▶ _Problem description_:
Could the listing be repeated exactly, with every picture dropped?

═══ Input ═══

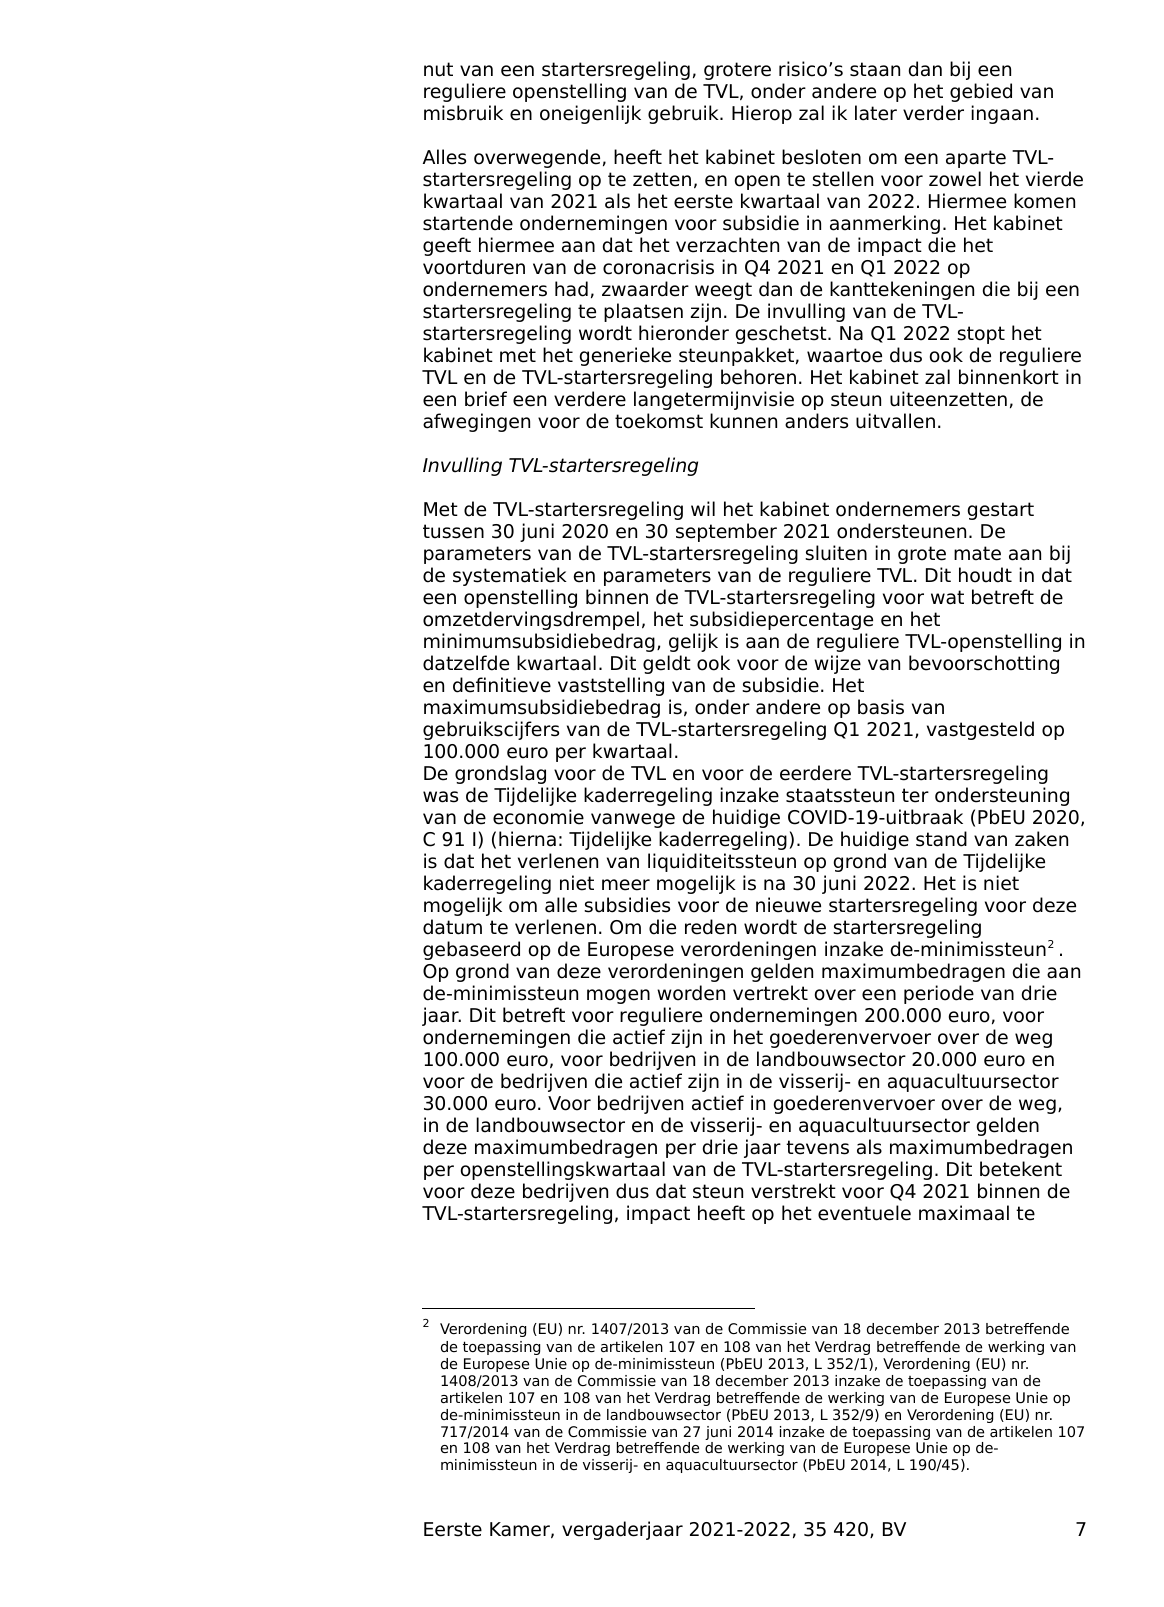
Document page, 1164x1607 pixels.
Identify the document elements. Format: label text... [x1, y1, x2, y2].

text Verordening (EU) nr. 1407/2013 van de Commissie van 18 december 2013 betreffende de toepassing van de artikelen 107 en 108 van het Verdrag betreffende de werking van de Europese Unie op de-minimissteun (PbEU 2013, L 352/1), Verordening (EU) nr. 1408/2013 van de Commissie van 18 december 2013 inzake de toepassing van de artikelen 107 en 108 van het Verdrag betreffende de werking van de Europese Unie op de-minimissteun in de landbouwsector (PbEU 2013, L 352/9) en Verordening (EU) nr. 717/2014 van de Commissie van 27 juni 2014 inzake de toepassing van de artikelen 107 en 108 van het Verdrag betreffende de werking van de Europese Unie op de-minimissteun in de visserij- en aquacultuursector (PbEU 2014, L 190/45). [422, 1317, 1087, 1474]
text Alles overwegende, heeft het kabinet besloten om een aparte TVL-startersregeling op te zetten, en open te stellen voor zowel het vierde kwartaal van 2021 als het eerste kwartaal van 2022. Hiermee komen startende ondernemingen voor subsidie in aanmerking. Het kabinet geeft hiermee aan dat het verzachten van de impact die het voortduren van de coronacrisis in Q4 2021 en Q1 2022 op ondernemers had, zwaarder weegt dan de kanttekeningen die bij een startersregeling te plaatsen zijn. De invulling van de TVL-startersregeling wordt hieronder geschetst. Na Q1 2022 stopt het kabinet met het generieke steunpakket, waartoe dus ook de reguliere TVL en de TVL-startersregeling behoren. Het kabinet zal binnenkort in een brief een verdere langetermijnvisie op steun uiteenzetten, de afwegingen voor de toekomst kunnen anders uitvallen. [422, 147, 1087, 433]
text Met de TVL-startersregeling wil het kabinet ondernemers gestart tussen 30 juni 2020 en 30 september 2021 ondersteunen. De parameters van de TVL-startersregeling sluiten in grote mate aan bij de systematiek en parameters van de reguliere TVL. Dit houdt in dat een openstelling binnen de TVL-startersregeling voor wat betreft de omzetdervingsdrempel, het subsidiepercentage en het minimumsubsidiebedrag, gelijk is aan de reguliere TVL-openstelling in datzelfde kwartaal. Dit geldt ook voor de wijze van bevoorschotting en definitieve vaststelling van de subsidie. Het maximumsubsidiebedrag is, onder andere op basis van gebruikscijfers van de TVL-startersregeling Q1 2021, vastgesteld op 100.000 euro per kwartaal. [422, 499, 1087, 763]
text nut van een startersregeling, grotere risico’s staan dan bij een reguliere openstelling van de TVL, onder andere op het gebied van misbruik en oneigenlijk gebruik. Hierop zal ik later verder ingaan. [422, 59, 1087, 125]
text De grondslag voor de TVL en voor de eerdere TVL-startersregeling was de Tijdelijke kaderregeling inzake staatssteun ter ondersteuning van de economie vanwege de huidige COVID-19-uitbraak (PbEU 2020, C 91 I) (hierna: Tijdelijke kaderregeling). De huidige stand van zaken is dat het verlenen van liquiditeitssteun op grond van de Tijdelijke kaderregeling niet meer mogelijk is na 30 juni 2022. Het is niet mogelijk om alle subsidies voor de nieuwe startersregeling voor deze datum te verlenen. Om die reden wordt de startersregeling gebaseerd op de Europese verordeningen inzake de-minimissteun. Op grond van deze verordeningen gelden maximumbedragen die aan de-minimissteun mogen worden vertrekt over een periode van drie jaar. Dit betreft voor reguliere ondernemingen 200.000 euro, voor ondernemingen die actief zijn in het goederenvervoer over de weg 100.000 euro, voor bedrijven in de landbouwsector 20.000 euro en voor de bedrijven die actief zijn in de visserij- en aquacultuursector 30.000 euro. Voor bedrijven actief in goederenvervoer over de weg, in de landbouwsector en de visserij- en aquacultuursector gelden deze maximumbedragen per drie jaar tevens als maximumbedragen per openstellingskwartaal van de TVL-startersregeling. Dit betekent voor deze bedrijven dus dat steun verstrekt voor Q4 2021 binnen de TVL-startersregeling, impact heeft op het eventuele maximaal te [422, 763, 1087, 1224]
subtitle Invulling TVL-startersregeling [422, 455, 1087, 477]

═══

▶ _Completed exercise_:
Document page, 1164x1607 pixels.
Identify the document elements. Format: label text... [x1, y1, x2, y2].

text Verordening (EU) nr. 1407/2013 van de Commissie van 18 december 2013 betreffende de toepassing van de artikelen 107 en 108 van het Verdrag betreffende de werking van de Europese Unie op de-minimissteun (PbEU 2013, L 352/1), Verordening (EU) nr. 1408/2013 van de Commissie van 18 december 2013 inzake de toepassing van de artikelen 107 en 108 van het Verdrag betreffende de werking van de Europese Unie op de-minimissteun in de landbouwsector (PbEU 2013, L 352/9) en Verordening (EU) nr. 717/2014 van de Commissie van 27 juni 2014 inzake de toepassing van de artikelen 107 en 108 van het Verdrag betreffende de werking van de Europese Unie op de-minimissteun in de visserij- en aquacultuursector (PbEU 2014, L 190/45). [422, 1317, 1087, 1474]
text Alles overwegende, heeft het kabinet besloten om een aparte TVL-startersregeling op te zetten, en open te stellen voor zowel het vierde kwartaal van 2021 als het eerste kwartaal van 2022. Hiermee komen startende ondernemingen voor subsidie in aanmerking. Het kabinet geeft hiermee aan dat het verzachten van de impact die het voortduren van de coronacrisis in Q4 2021 en Q1 2022 op ondernemers had, zwaarder weegt dan de kanttekeningen die bij een startersregeling te plaatsen zijn. De invulling van de TVL-startersregeling wordt hieronder geschetst. Na Q1 2022 stopt het kabinet met het generieke steunpakket, waartoe dus ook de reguliere TVL en de TVL-startersregeling behoren. Het kabinet zal binnenkort in een brief een verdere langetermijnvisie op steun uiteenzetten, de afwegingen voor de toekomst kunnen anders uitvallen. [422, 147, 1087, 433]
text Met de TVL-startersregeling wil het kabinet ondernemers gestart tussen 30 juni 2020 en 30 september 2021 ondersteunen. De parameters van de TVL-startersregeling sluiten in grote mate aan bij de systematiek en parameters van de reguliere TVL. Dit houdt in dat een openstelling binnen de TVL-startersregeling voor wat betreft de omzetdervingsdrempel, het subsidiepercentage en het minimumsubsidiebedrag, gelijk is aan de reguliere TVL-openstelling in datzelfde kwartaal. Dit geldt ook voor de wijze van bevoorschotting en definitieve vaststelling van de subsidie. Het maximumsubsidiebedrag is, onder andere op basis van gebruikscijfers van de TVL-startersregeling Q1 2021, vastgesteld op 100.000 euro per kwartaal. [422, 499, 1087, 763]
text nut van een startersregeling, grotere risico’s staan dan bij een reguliere openstelling van de TVL, onder andere op het gebied van misbruik en oneigenlijk gebruik. Hierop zal ik later verder ingaan. [422, 59, 1087, 125]
text De grondslag voor de TVL en voor de eerdere TVL-startersregeling was de Tijdelijke kaderregeling inzake staatssteun ter ondersteuning van de economie vanwege de huidige COVID-19-uitbraak (PbEU 2020, C 91 I) (hierna: Tijdelijke kaderregeling). De huidige stand van zaken is dat het verlenen van liquiditeitssteun op grond van de Tijdelijke kaderregeling niet meer mogelijk is na 30 juni 2022. Het is niet mogelijk om alle subsidies voor de nieuwe startersregeling voor deze datum te verlenen. Om die reden wordt de startersregeling gebaseerd op de Europese verordeningen inzake de-minimissteun. Op grond van deze verordeningen gelden maximumbedragen die aan de-minimissteun mogen worden vertrekt over een periode van drie jaar. Dit betreft voor reguliere ondernemingen 200.000 euro, voor ondernemingen die actief zijn in het goederenvervoer over de weg 100.000 euro, voor bedrijven in de landbouwsector 20.000 euro en voor de bedrijven die actief zijn in de visserij- en aquacultuursector 30.000 euro. Voor bedrijven actief in goederenvervoer over de weg, in de landbouwsector en de visserij- en aquacultuursector gelden deze maximumbedragen per drie jaar tevens als maximumbedragen per openstellingskwartaal van de TVL-startersregeling. Dit betekent voor deze bedrijven dus dat steun verstrekt voor Q4 2021 binnen de TVL-startersregeling, impact heeft op het eventuele maximaal te [422, 763, 1087, 1224]
subtitle Invulling TVL-startersregeling [422, 455, 1087, 477]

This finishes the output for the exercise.